Prostate cancer screening in Europe We congratulate the investigators of the European Randomised Study of Screening for Prostate Cancer (ERSPC)1 for providing longer follow-up to inform our understanding of the benefits and harms of populationbased prostate cancer screening. Data from ERSPC will inform updates of systematic reviews2,3 that present the totality of randomised trial evidence on this topic. Fritz Schröder and colleagues continue to emphasise the small absolute reduction in prostatecancer-specific mortality and downplay the absence of a statistically significant effect of screening on all-cause mortality. Disease-specific mortality relies on the assumption that cause of death can be ascertained with a very high degree of accuracy, which is unlikely.4,5 Prostate cancer deaths represent a small fraction of all deaths in the trial.

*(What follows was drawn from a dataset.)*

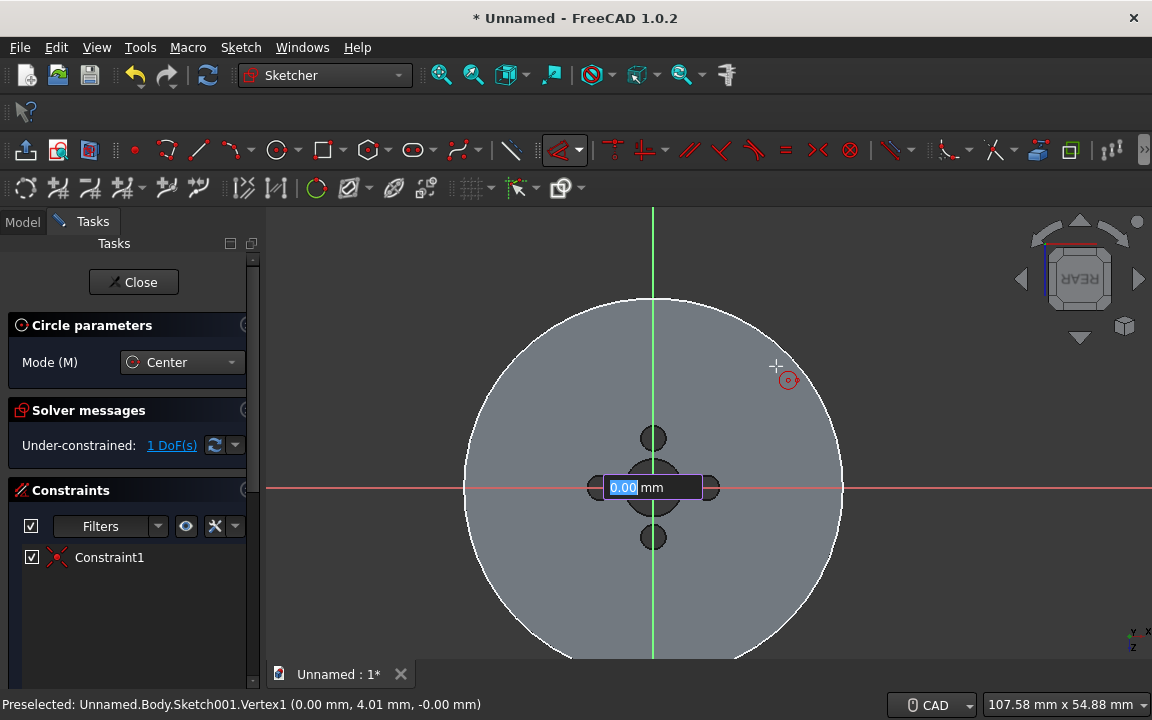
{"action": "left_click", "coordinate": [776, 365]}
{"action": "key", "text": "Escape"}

Subsequently, minor inaccuracies in cause of death ascertainment can sufficiently skew estimated effect size in favour of screening and make conclusions unreliable.5 All-cause mortality also encapsulates fatal adverse events that might not be attributed to prostate cancer screening or treatment, which is particularly important in settings such as prostate cancer screening, in which overdiagnosis and overtreatment are of major concern. The reported reduction of prostatecancer-specific mortality continues to be limited to Sweden and Netherlands, and seems to be driven by the subgroup of participants aged 65–69 years. Whether these unique findings are due to chance, variation in screening and treatment protocols, or participant characteristics is not clear, but impedes broad population application. No references are provided to support the authors’ praise of multiparametric MRI to selectively 1506

diagnose more clinically significant prostate cancer. The lessons from initial widespread enthusiasm for prostate-specific antigen screening tell us that high quality randomised trials are needed to establish the effect on disease and overall mortality. We declare no competing interests.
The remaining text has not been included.